Dans ce glossaire, les mots « professeur » et « élève » sont désignés au sens le plus général de « qui enseigne » et « qui apprend » (par exemple, aussi bien une professeure d’école et son élève de maternelle ; une enseignante universitaire et son étudiante ; une chorégraphe et sa danseuse ; une apprentie et sa maîtresse d’apprentissage, etc.).


Proxémie

Proxémique

La proxémique, notion forgée par Edward Hall, permet de rendre compte de l’ensemble des comportements que manifestent les êtres humains dans la gestion de leurs distances interpersonnelles, et plus largement dans la gestion de l’organisation spatiale, entre eux et avec les objets auxquels ils accordent leur attention.

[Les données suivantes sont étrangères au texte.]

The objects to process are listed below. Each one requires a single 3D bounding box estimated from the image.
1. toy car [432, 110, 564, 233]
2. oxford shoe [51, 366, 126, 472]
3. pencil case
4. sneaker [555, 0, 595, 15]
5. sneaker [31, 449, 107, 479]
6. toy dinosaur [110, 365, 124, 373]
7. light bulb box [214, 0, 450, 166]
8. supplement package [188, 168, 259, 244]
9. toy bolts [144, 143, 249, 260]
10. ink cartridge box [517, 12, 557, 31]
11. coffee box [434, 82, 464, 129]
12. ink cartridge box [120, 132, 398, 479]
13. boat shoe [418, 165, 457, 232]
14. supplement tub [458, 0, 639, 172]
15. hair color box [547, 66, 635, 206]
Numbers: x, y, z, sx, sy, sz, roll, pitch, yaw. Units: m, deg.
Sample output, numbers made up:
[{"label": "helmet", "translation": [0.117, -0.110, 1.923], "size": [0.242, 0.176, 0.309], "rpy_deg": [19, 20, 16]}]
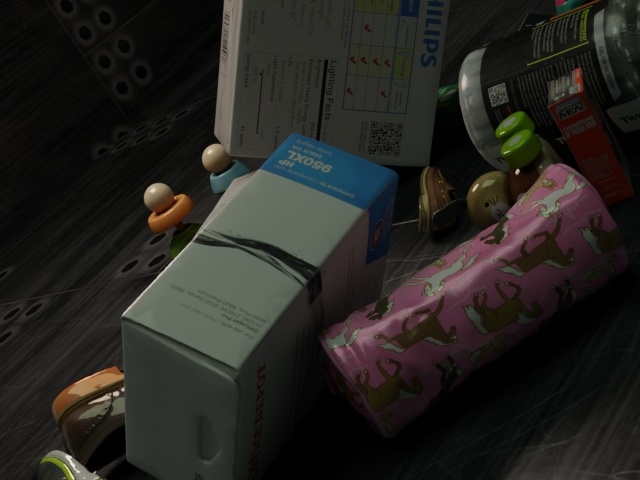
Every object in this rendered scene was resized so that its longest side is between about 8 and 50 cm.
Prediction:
[{"label": "toy car", "translation": [0.249, -0.050, 1.660], "size": [0.188, 0.155, 0.149], "rpy_deg": [-37, 17, 17]}, {"label": "oxford shoe", "translation": [-0.201, 0.225, 1.781], "size": [0.364, 0.130, 0.132], "rpy_deg": [-27, 52, -3]}, {"label": "pencil case", "translation": [0.176, 0.073, 1.455], "size": [0.386, 0.160, 0.167], "rpy_deg": [-35, -19, -6]}, {"label": "sneaker", "translation": [0.519, -0.468, 2.180], "size": [0.295, 0.178, 0.124], "rpy_deg": [-41, 21, -22]}, {"label": "sneaker", "translation": [-0.333, 0.364, 1.621], "size": [0.121, 0.111, 0.300], "rpy_deg": [-45, 21, -21]}, {"label": "toy dinosaur", "translation": [-0.280, 0.208, 1.976], "size": [0.268, 0.064, 0.118], "rpy_deg": [-34, 33, -10]}, {"label": "light bulb box", "translation": [0.014, -0.327, 2.159], "size": [0.361, 0.358, 0.225], "rpy_deg": [3, 15, -13]}, {"label": "supplement package", "translation": [-0.106, -0.019, 2.133], "size": [0.139, 0.134, 0.244], "rpy_deg": [-21, 23, 30]}, {"label": "toy bolts", "translation": [-0.220, -0.083, 2.423], "size": [0.228, 0.158, 0.218], "rpy_deg": [-42, 21, -23]}, {"label": "ink cartridge box", "translation": [0.425, -0.321, 2.007], "size": [0.206, 0.045, 0.208], "rpy_deg": [8, 27, 13]}, {"label": "coffee box", "translation": [0.224, -0.251, 2.321], "size": [0.113, 0.040, 0.184], "rpy_deg": [-44, 23, -31]}, {"label": "ink cartridge box", "translation": [-0.071, 0.098, 1.537], "size": [0.166, 0.285, 0.395], "rpy_deg": [23, 46, 17]}, {"label": "boat shoe", "translation": [0.184, -0.062, 1.920], "size": [0.060, 0.064, 0.178], "rpy_deg": [2, 28, 5]}, {"label": "supplement tub", "translation": [0.389, -0.234, 1.783], "size": [0.338, 0.207, 0.207], "rpy_deg": [-17, 25, 39]}, {"label": "hair color box", "translation": [0.364, -0.138, 1.648], "size": [0.053, 0.167, 0.093], "rpy_deg": [-25, 21, 21]}]

L’action conjointe in situ peut toujours être conçue comme un dialogue sémiotique, au sein duquel les participants échangent des signes (cf. sémiose). Une partie de cet échange est verbale. Une autre partie, entrelacée à la première, tient à la manière dont les participants à l’action conjointe se signifient mutuellement des éléments de cette action au moyen de regards, de gestes, de mouvements, de comportements d’organisation de l’espace, et de toute production incluant un agencement des précédentes.

La notion de proxémique a été spécifiée en TACD dans un modèle subjectif de la distance, qui accorde une importance particulière à l’orientation du regard. L’ensemble de ces comportements est parfois appelé « proxémie », et on parlera alors de la proxémie du professeur, ou de la proxémie dans une situation didactique. La proxémie est ainsi un outil privilégié pour une gestion distribuée de l’attention conjointe, et son analyse est nécessaire dans la plupart des cas à la compréhension de l’action conjointe. L’hypothèse sous-jacente est la suivante : ce qui est rendu proche (de/par l’élève, du/par le professeur), est plus important que ce qui est lointain.

La TACD s’efforce d’intégrer à la description de l’action didactique, en particulier par le moyen de films d’étude et de systèmes hybrides texte-image-son (SHTIS) de tels éléments proxémiques, reconceptualisant en la spécifiant la perspective ouverte par E.T. Hall.